Carry On // Rainbow Rowell
genre: YA, fantasy, romance, LGBT
rating: ★ ★ ★ ★ ★ (5 stars)
edition: firdt edition, hardcover, 522 pages
publisher: St. Martin’s Griffin (October 6th, 2015)
Simon Snow is the worst chosen one who’s ever been chosen.
That’s what his roommate, Baz, says. And Baz might be evil and a vampire and a complete git, but he’s probably right.
Half the time, Simon can’t even make his wand work, and the other half, he sets something on fire. His mentor’s avoiding him, his girlfriend broke up with him, and there’s a magic-eating monster running around wearing Simon’s face. Baz would be having a field day with all this, if he were here—it’s their last year at the Watford School of Magicks, and Simon’s infuriating nemesis didn’t even bother to show up.
Carry On is a ghost story, a love story, a mystery and a melodrama. It has just as much kissing and talking as you’d expect from a Rainbow Rowell story—but far, far more monsters.
EY. I JUST REREAD CARRY ON. LET’S TALK ABOUT HOW MUCH I LOVE THIS BOOK AND RAINBOW ROWELL.
In case you didn’t know, Carry On was first born when it was mentioned in Fangirl, another one of Rainbow Rowell’s fabulous books. It’s a semi-Harry-Potter-rip-off-slash-alternate-universe-fanfic. In Fangirl, Carry On was a fanfic that the main protagonist wrote Simon Snow (aka the rip-off Harry Potter) about what if the chosen one fell for his enemy? And Rainbow Rowell was like, “Whoa what if I turned this into an actual book?” Instead of Harry Potter and Hogwarts, we have Simon Snow and Watford, the School of Mages. Instead of Draco, we have Tyrannus Bastion Grimm-Pitch. Oh, and they’re in love. At least not yet. I love this. Though some argue that this would not exist without the original Harry Potter series, I myself as a true Potterhead, enjoyed reading Simon and Baz’s journey immensely. Rainbow Rowell did a fantastic job taking this story into her own hands and giving it her style and twists. Carry On is absolutely not a children’s novel, but rather a revived plot for those who have grown up reading the stories and simply crave for more.

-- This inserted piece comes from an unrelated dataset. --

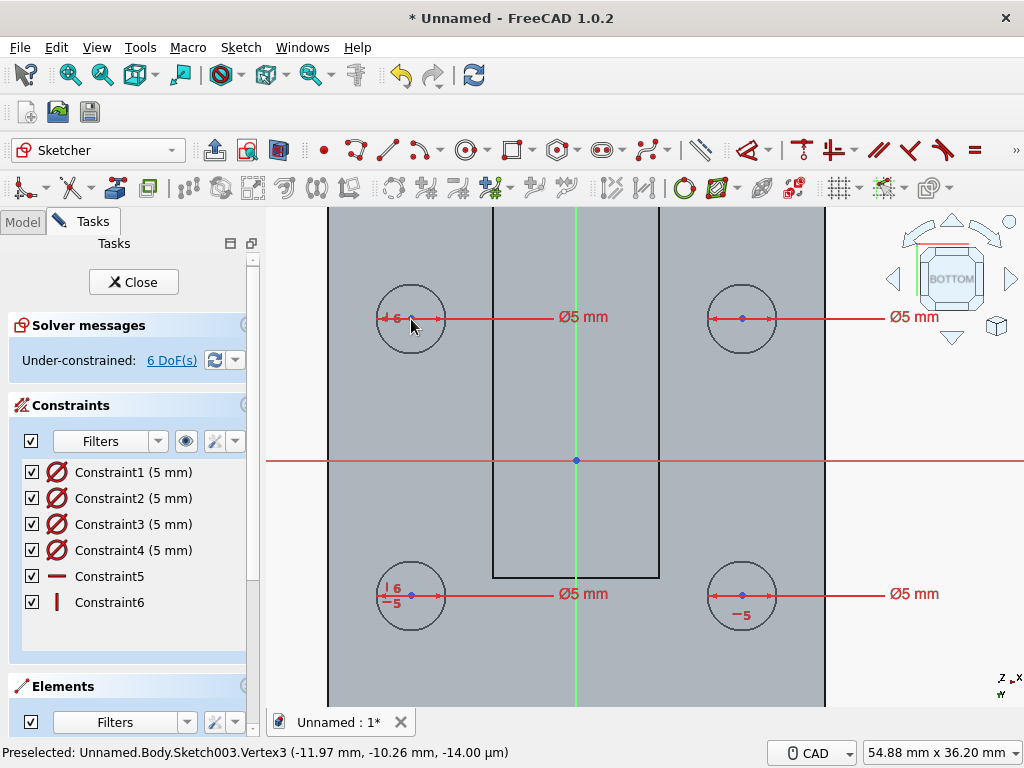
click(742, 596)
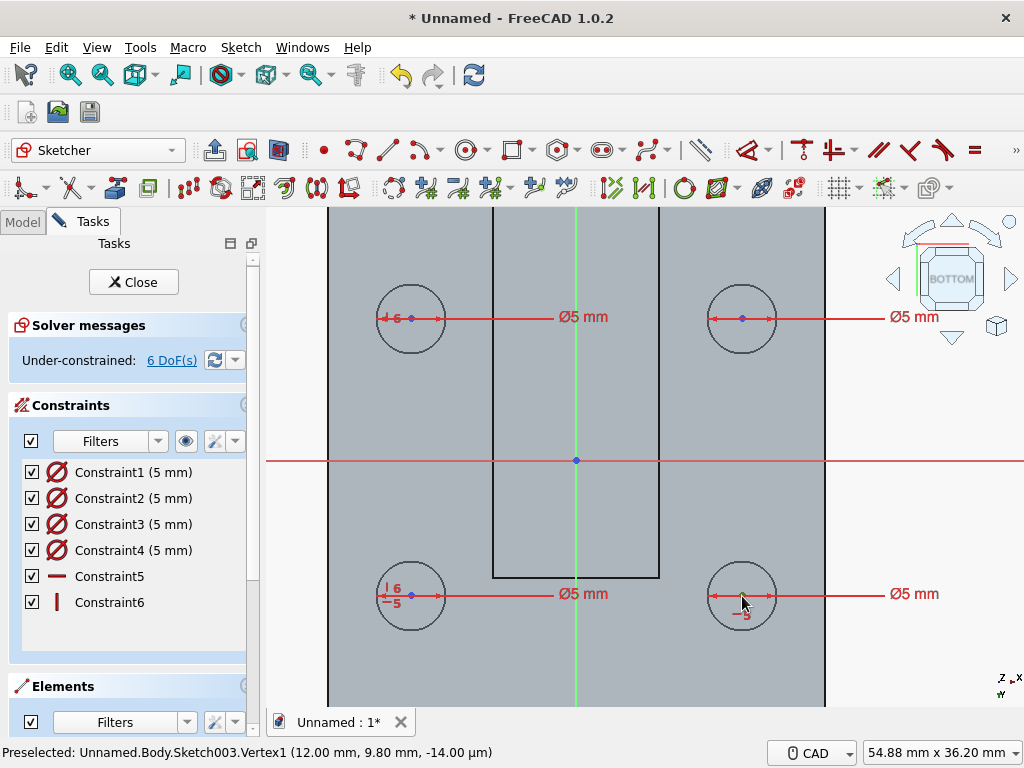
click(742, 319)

The characters in Carry On are a cornerstone of the entire tale; they direct, produce, and act in their own production. Simon Snow is the “Chosen” One, but Rainbow Rowell flips the personalities around from what you may expect from Harry Potter. Simon can’t control his powers, and he’s possibly the crappiest Mage around. Baz, the glorious “pureblood” from a elitist family line, is a vampire. The Mage and headmaster of Watford, is far from the righteous Dumbledore, and has questionable intentions. The irony is real, guys. Some things haven’t changed. Like that Simon and Baz don’t get along despite being roommates. Or that Aunt Fiona, the equivalent of Bellatrix, still kicks butt and wears combat boots. Aside from that, I loved the characters. From Ebb the shepherd to Penelope the sidekick, each one contributed to the tone of the story with their spunkiness and humor. All of the dialogue was pretty much on point. I loved reading Simon and Baz’s banter. It was unceasingly entertaining to read as Baz drops sarcastic remarks and Simon just growls in response. *swoon* Their romance just makes me too happy
and I totally would rant on about my ship but that would take at least 1000 words.

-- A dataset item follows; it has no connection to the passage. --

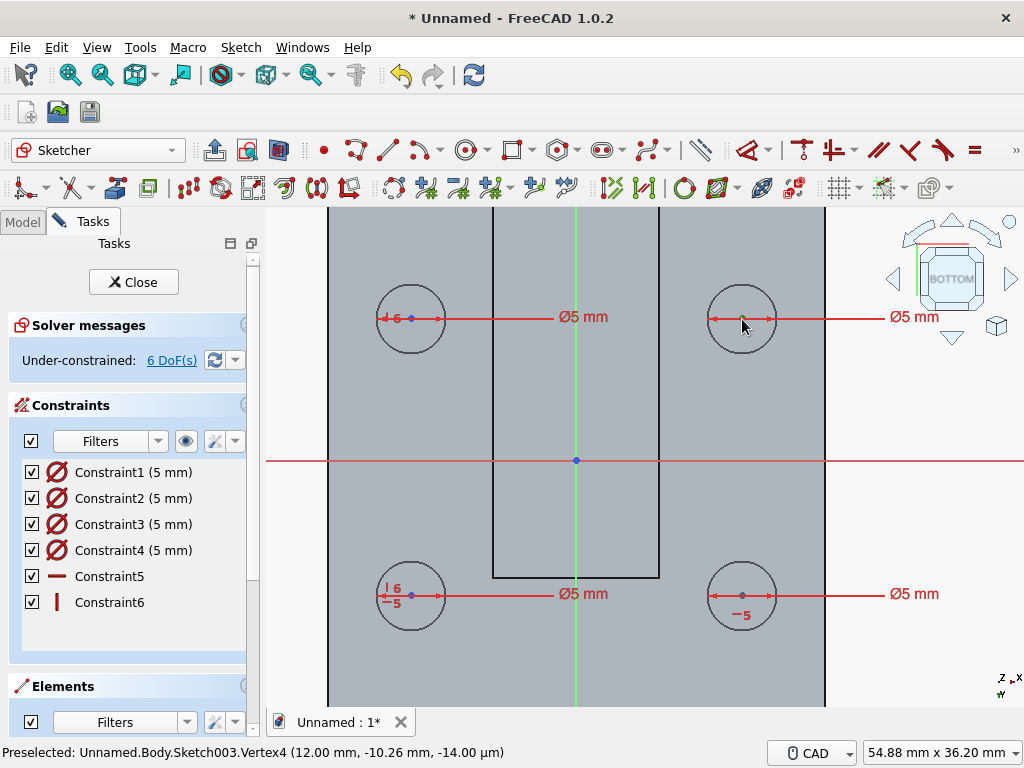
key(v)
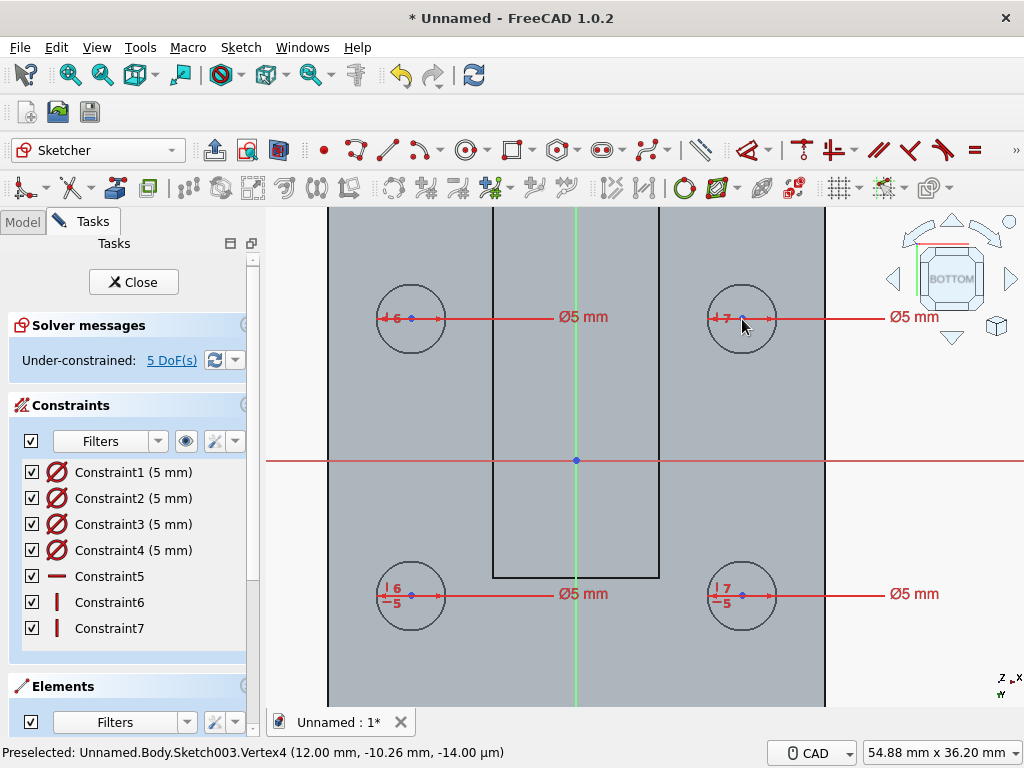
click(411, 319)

” I cross my arms, too. ‘All right,’ I say, ‘just…sit down, okay?’
‘Why should I sit down?’
‘Because you’re making me uncomfortable.’
‘Good,’ he says. ‘You should be glad I’m not making you bleed.’ ” (Rowell, 207)

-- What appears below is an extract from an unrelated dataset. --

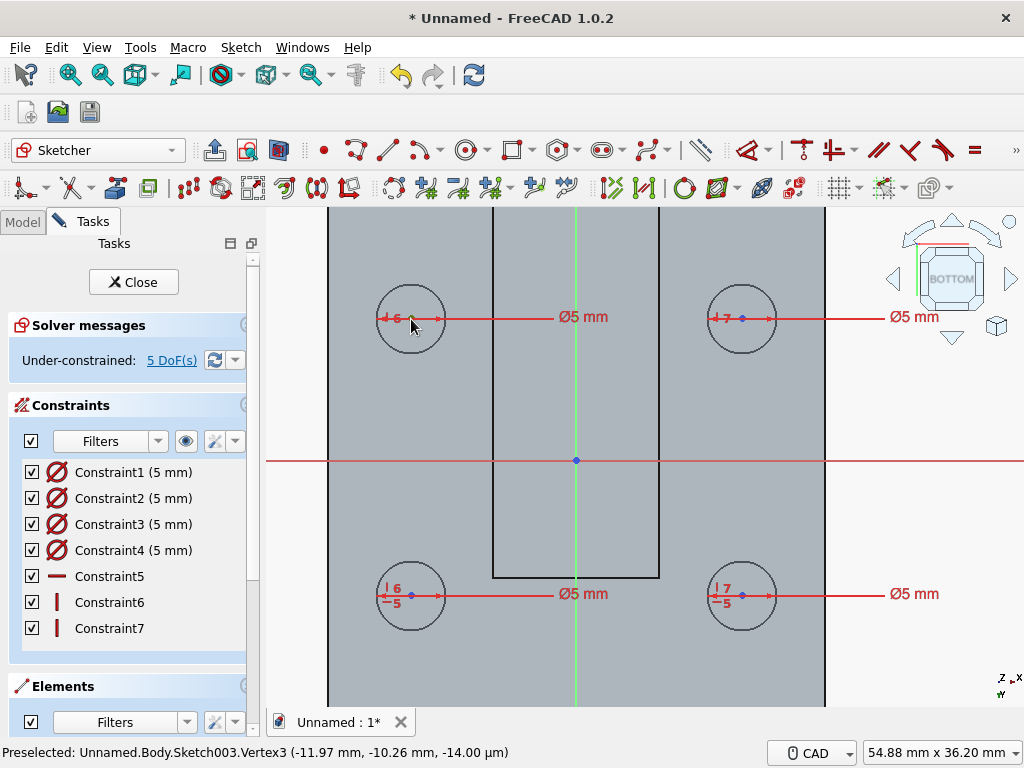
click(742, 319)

Maybe it’s just me, but these characters flew right off the darn page. They felt like these real, tangible beings that exist in real life. Yes, that’s how well-written they were. Seeing Simon, Baz, Penelope, and Agatha work together and bond and develop to defeat the Insidious Humdrum was worthwhile.
Carry On, of course, is set in England. The world building wasn’t too significant; a lot of it went unsaid since the reader could reference it back to Harry Potter, and I quite liked that. The book is easy to fall into because I’ve read a world similar to it before; the slight changes, like their spells (up, up, and away! or U can’t touch this!) and their source of magic made me smile. The backstories that were offered were interesting to read, like the flashbacks Lucy would tell. It frees the reader from the baggage of long, droned-on descriptions and let’s the primary focus be the characters.
What made Carry On what it was the way it was written. Rainbow Rowell’s style is fluid, whimsical, and full of dry humor and pop culture references. Her craft is one of a kind, and perfect for young adult readers. I can never get tired of her wit and writing.
Miss Rowell, thank you for writing this marvelous story. I couldn’t have enjoyed it more. Also, shoutout to the cover designer for making such a beautiful dust jacket.
Do I recommend Carry On? Heck, yes! I do suggest reading Fangirl first, however, and if you’re a Potterhead like myself, this read will be nothing but entertaining for you.